>>>>
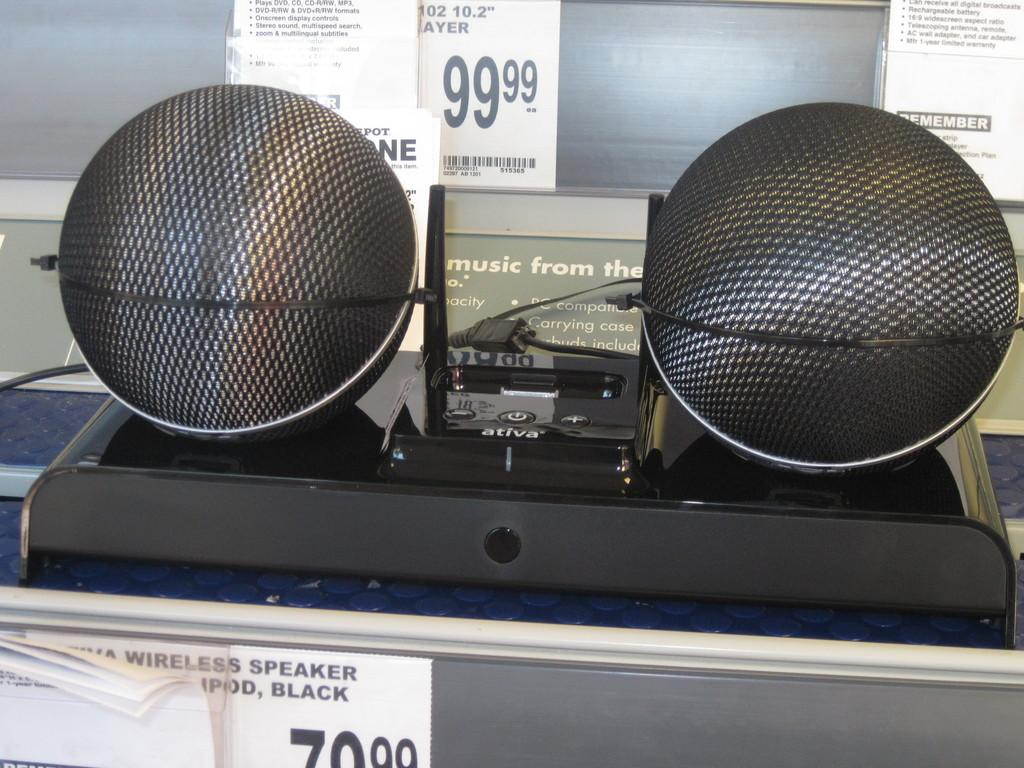What is located on the platform in the image? There are speakers on a platform in the image. What else can be seen in the image besides the speakers? There are posters in the image. What type of material is visible in the background of the image? There is a background with glass visible in the image. Can you see a dog looking out the glass in the image? There is no dog present in the image, and the glass is not a window or aperture through which a dog could be looking. 
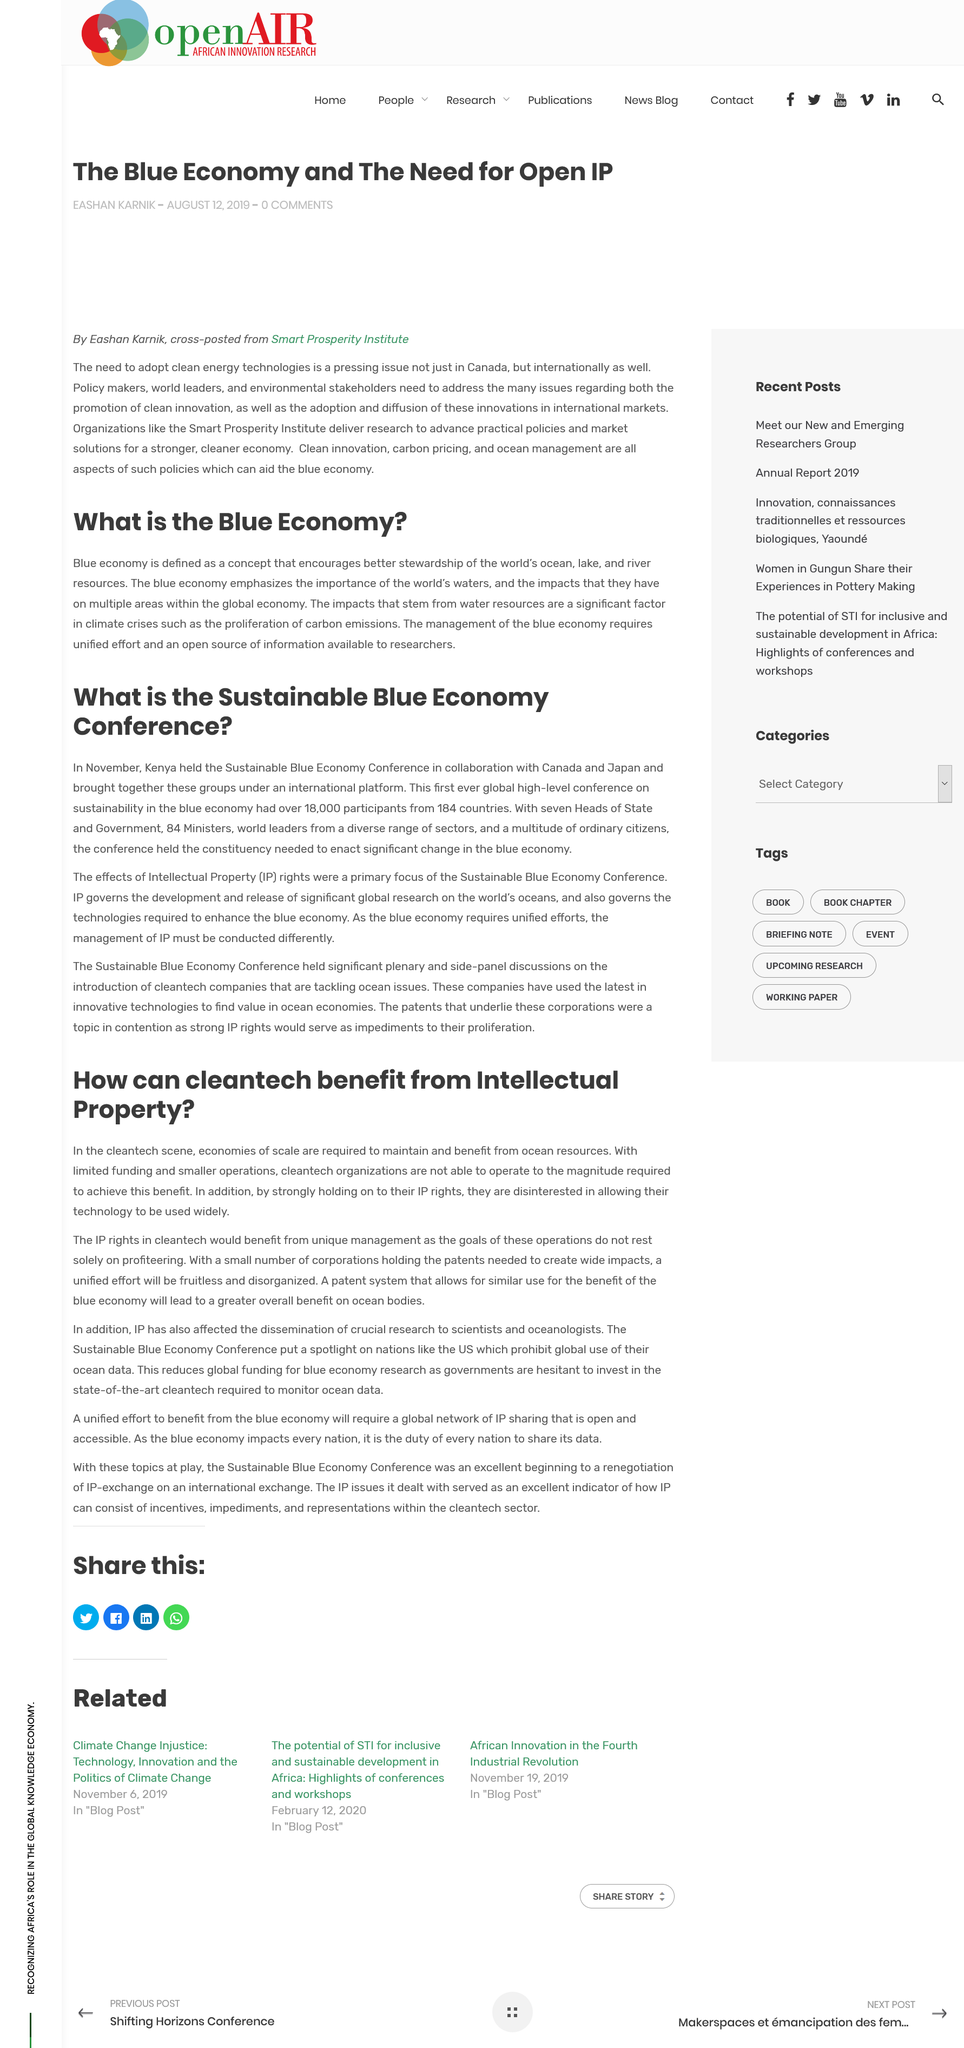Indicate a few pertinent items in this graphic. The Smart Prosperity Institute delivers research to advance practical policies and market solutions that promote economic growth and sustainability. Cleantech companies would benefit from unique intellectual property rights, which would provide them with a competitive advantage in the marketplace. The Sustainable Blue Economy Conference primarily focused on the effects of Intellectual Property. It is recommended that cleantech economies utilize ocean resources as a valuable resource. It is not the case that cleantech operations are interested in allowing their technology to be used widely. 
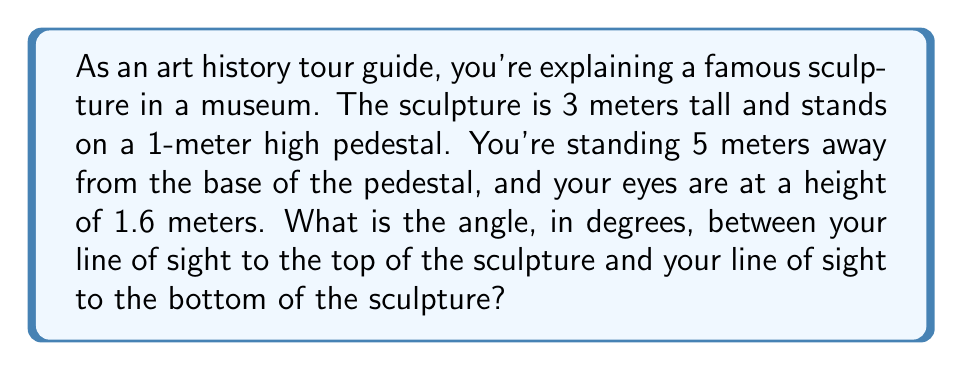Show me your answer to this math problem. Let's approach this step-by-step using trigonometry:

1) First, let's visualize the problem:

[asy]
unitsize(1cm);
draw((0,0)--(5,0)--(5,5.6)--(0,4)--(0,0));
draw((5,1.6)--(0,1),dashed);
draw((5,1.6)--(0,4),dashed);
label("Ground", (2.5,0), S);
label("Pedestal", (0,0.5), W);
label("Sculpture", (0,2.5), W);
label("Observer", (5,1.6), E);
label("$\theta$", (5.3,1.6), E);
label("5m", (2.5,0), N);
label("1m", (0,0.5), E);
label("3m", (0,2.5), E);
label("1.6m", (5,0.8), W);
[/asy]

2) We need to find the angle $\theta$ between the two lines of sight.

3) We can split this into two right triangles and use the arctangent function.

4) For the upper triangle:
   - Height difference = (1m + 3m) - 1.6m = 2.4m
   - Horizontal distance = 5m
   - Angle = $\arctan(\frac{2.4}{5})$

5) For the lower triangle:
   - Height difference = 1.6m - 1m = 0.6m
   - Horizontal distance = 5m
   - Angle = $\arctan(\frac{0.6}{5})$

6) The total angle $\theta$ is the difference between these two angles:

   $$\theta = \arctan(\frac{2.4}{5}) - \arctan(\frac{0.6}{5})$$

7) Let's calculate:
   $$\theta = \arctan(0.48) - \arctan(0.12)$$
   $$\theta \approx 25.64^\circ - 6.84^\circ = 18.80^\circ$$

8) Rounding to two decimal places, we get 18.80°.
Answer: The viewing angle is approximately 18.80°. 
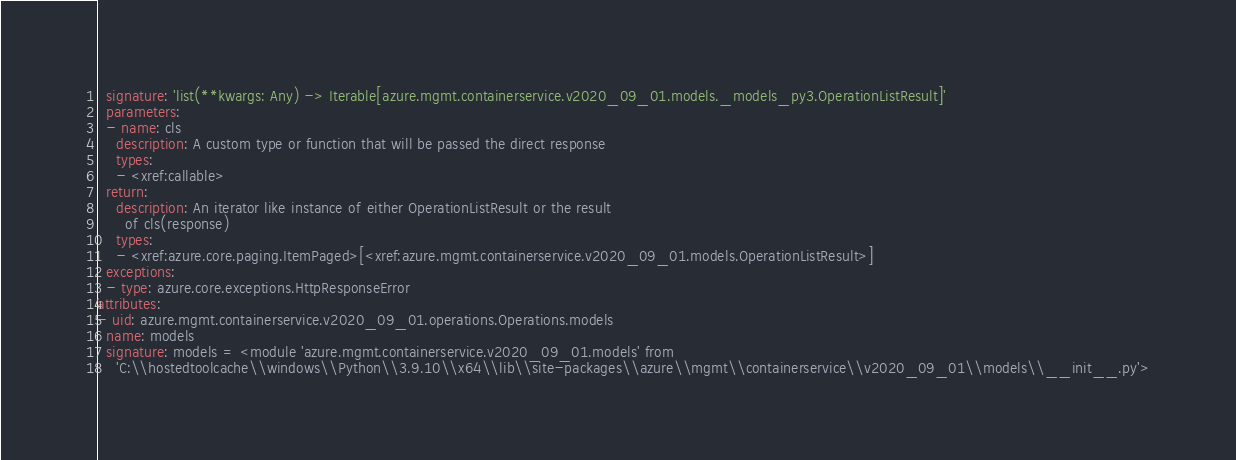<code> <loc_0><loc_0><loc_500><loc_500><_YAML_>  signature: 'list(**kwargs: Any) -> Iterable[azure.mgmt.containerservice.v2020_09_01.models._models_py3.OperationListResult]'
  parameters:
  - name: cls
    description: A custom type or function that will be passed the direct response
    types:
    - <xref:callable>
  return:
    description: An iterator like instance of either OperationListResult or the result
      of cls(response)
    types:
    - <xref:azure.core.paging.ItemPaged>[<xref:azure.mgmt.containerservice.v2020_09_01.models.OperationListResult>]
  exceptions:
  - type: azure.core.exceptions.HttpResponseError
attributes:
- uid: azure.mgmt.containerservice.v2020_09_01.operations.Operations.models
  name: models
  signature: models = <module 'azure.mgmt.containerservice.v2020_09_01.models' from
    'C:\\hostedtoolcache\\windows\\Python\\3.9.10\\x64\\lib\\site-packages\\azure\\mgmt\\containerservice\\v2020_09_01\\models\\__init__.py'>
</code> 
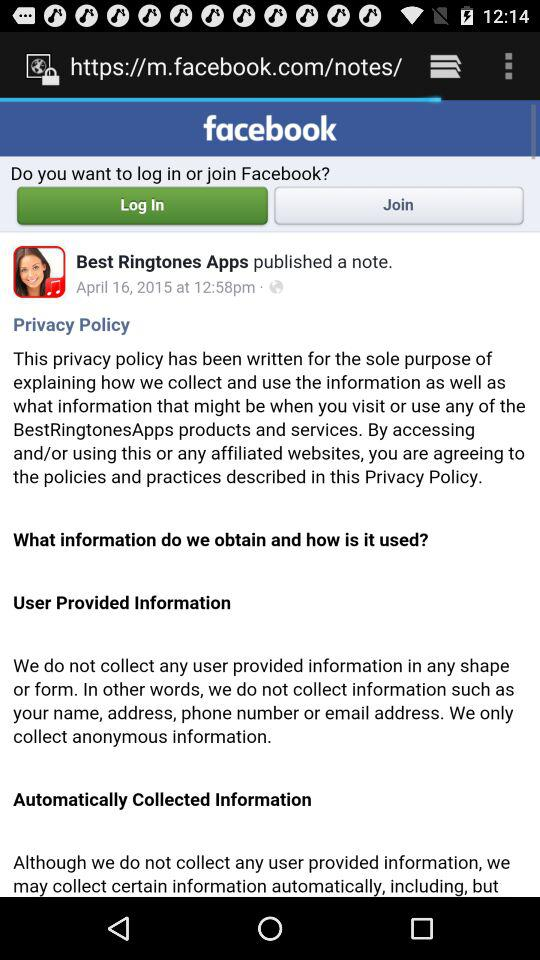What is the time of publication of the note? The time of publication of the note is 12:58 p.m. 
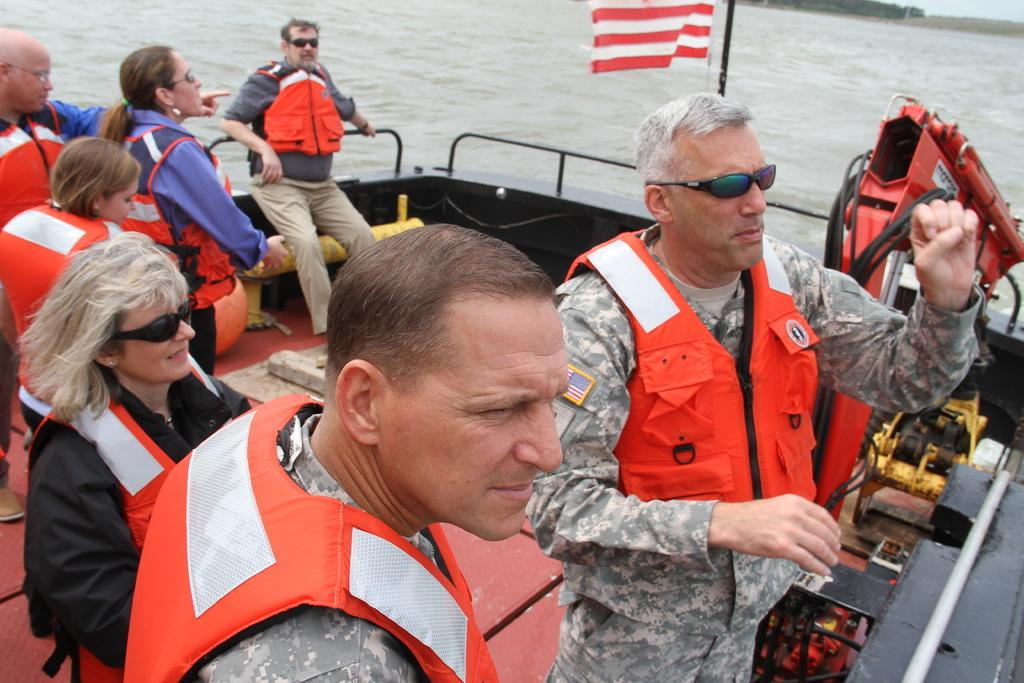How many people are in the image? There is a group of persons in the image. What are the persons doing in the image? The persons are standing in a boat. What are the persons wearing in the image? The persons are wearing safety jackets. What is the setting of the image? There is water visible in the image, and there are trees present. How many nails can be seen in the image? There are no nails visible in the image. What type of frogs are present in the image? There are no frogs present in the image.
<<<<
§ **Your assignment**
Above are the records. Copy every line in them holding "frac".

§ **Answer section**
   - Angle = $\arctan(\frac{2.4}{5})$
   - Angle = $\arctan(\frac{0.6}{5})$
   $$\theta = \arctan(\frac{2.4}{5}) - \arctan(\frac{0.6}{5})$$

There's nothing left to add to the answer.